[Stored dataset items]
>>>>>
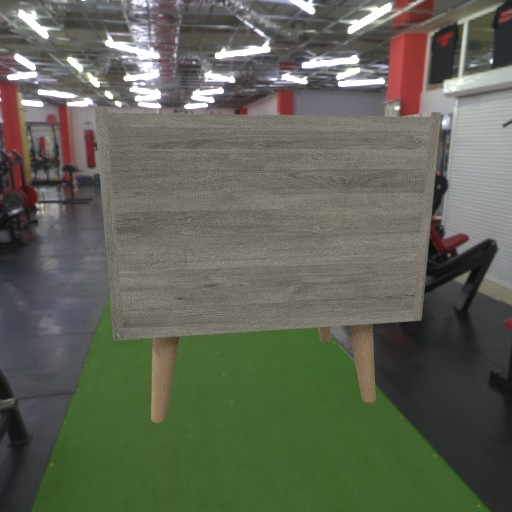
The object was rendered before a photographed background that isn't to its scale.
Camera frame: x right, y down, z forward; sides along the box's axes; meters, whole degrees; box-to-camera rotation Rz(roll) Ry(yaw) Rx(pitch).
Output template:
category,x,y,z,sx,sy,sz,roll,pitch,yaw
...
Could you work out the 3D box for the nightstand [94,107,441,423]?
<<<<<
>>>>>
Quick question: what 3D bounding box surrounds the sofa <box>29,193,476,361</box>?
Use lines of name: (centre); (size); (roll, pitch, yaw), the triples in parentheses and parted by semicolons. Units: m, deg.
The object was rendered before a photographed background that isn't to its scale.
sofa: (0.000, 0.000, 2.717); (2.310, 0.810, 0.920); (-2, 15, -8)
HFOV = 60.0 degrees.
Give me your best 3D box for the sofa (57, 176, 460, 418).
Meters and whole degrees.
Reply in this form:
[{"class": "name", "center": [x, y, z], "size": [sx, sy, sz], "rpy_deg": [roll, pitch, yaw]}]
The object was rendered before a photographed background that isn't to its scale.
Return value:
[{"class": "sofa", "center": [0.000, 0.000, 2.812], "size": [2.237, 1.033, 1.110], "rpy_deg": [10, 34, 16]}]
<<<<<
>>>>>
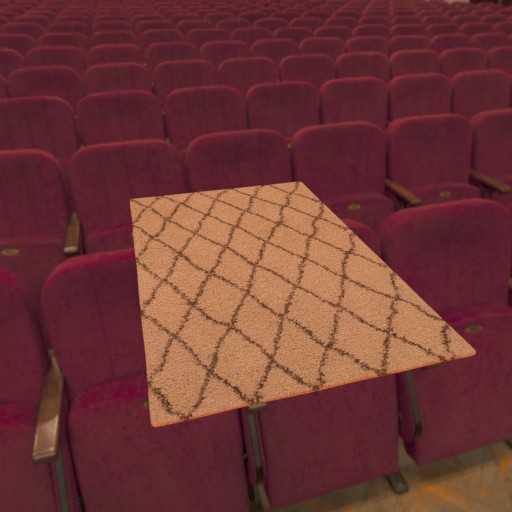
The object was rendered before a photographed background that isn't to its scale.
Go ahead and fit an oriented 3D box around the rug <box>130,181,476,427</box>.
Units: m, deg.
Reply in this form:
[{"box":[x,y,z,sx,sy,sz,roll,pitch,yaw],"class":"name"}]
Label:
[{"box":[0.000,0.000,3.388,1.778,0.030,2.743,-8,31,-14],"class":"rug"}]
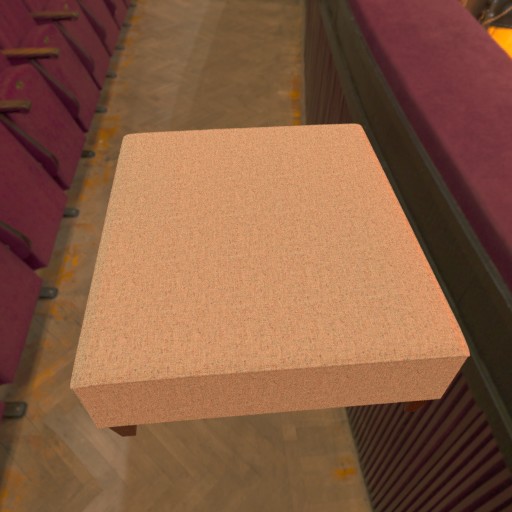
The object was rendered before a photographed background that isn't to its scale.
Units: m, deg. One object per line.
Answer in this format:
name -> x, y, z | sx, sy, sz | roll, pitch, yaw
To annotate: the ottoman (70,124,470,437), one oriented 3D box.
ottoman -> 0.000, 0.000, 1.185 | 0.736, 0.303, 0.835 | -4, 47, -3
<<<<<
Task objective: Collect every line with the string "degrees" from the records, and copy each.

Exercise answer:
Camera frame: x right, y down, z forward; sides along the box's axes; meters, whole degrees; box-to-camera rotation Rz(roll) Ry(yaw) Rx(pitch).
HFOV = 60.0 degrees.
Meters and whole degrees.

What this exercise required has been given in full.